- Records -
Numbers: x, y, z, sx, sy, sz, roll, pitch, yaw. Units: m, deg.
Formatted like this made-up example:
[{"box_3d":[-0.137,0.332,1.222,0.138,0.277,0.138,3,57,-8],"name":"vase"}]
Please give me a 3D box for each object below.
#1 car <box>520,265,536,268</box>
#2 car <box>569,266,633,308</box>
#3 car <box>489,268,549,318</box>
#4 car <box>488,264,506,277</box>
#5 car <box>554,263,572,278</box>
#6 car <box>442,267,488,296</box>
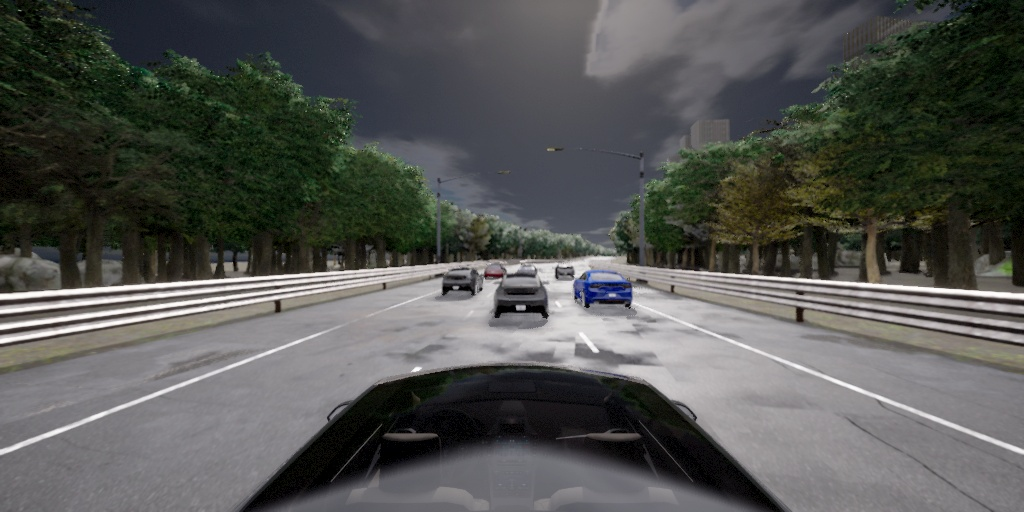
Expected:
[{"box_3d":[1.396,1.518,31.980,2.033,1.411,5.357,0,0,5],"name":"car"},{"box_3d":[3.960,1.381,16.255,1.882,1.535,5.008,0,-1,2],"name":"car"},{"box_3d":[0.363,1.385,13.749,1.837,1.490,4.892,0,0,2],"name":"car"},{"box_3d":[-1.664,1.528,37.037,1.994,1.385,4.181,0,0,5],"name":"car"},{"box_3d":[5.300,1.450,36.344,2.128,1.511,4.902,0,0,5],"name":"car"},{"box_3d":[-2.812,1.444,21.168,1.837,1.490,4.892,0,-1,3],"name":"car"}]

- The task -
Return the material word for word, images omitted.

- Answer space -
Numbers: x, y, z, sx, sy, sz, roll, pitch, yaw. Units: m, deg.
Formatted like this made-up example:
[{"box_3d":[-0.137,0.332,1.222,0.138,0.277,0.138,3,57,-8],"name":"vase"}]
Please give me a 3D box for each object below.
#1 car <box>520,265,536,268</box>
#2 car <box>569,266,633,308</box>
#3 car <box>489,268,549,318</box>
#4 car <box>488,264,506,277</box>
#5 car <box>554,263,572,278</box>
#6 car <box>442,267,488,296</box>
Expected:
[{"box_3d":[1.396,1.518,31.980,2.033,1.411,5.357,0,0,5],"name":"car"},{"box_3d":[3.960,1.381,16.255,1.882,1.535,5.008,0,-1,2],"name":"car"},{"box_3d":[0.363,1.385,13.749,1.837,1.490,4.892,0,0,2],"name":"car"},{"box_3d":[-1.664,1.528,37.037,1.994,1.385,4.181,0,0,5],"name":"car"},{"box_3d":[5.300,1.450,36.344,2.128,1.511,4.902,0,0,5],"name":"car"},{"box_3d":[-2.812,1.444,21.168,1.837,1.490,4.892,0,-1,3],"name":"car"}]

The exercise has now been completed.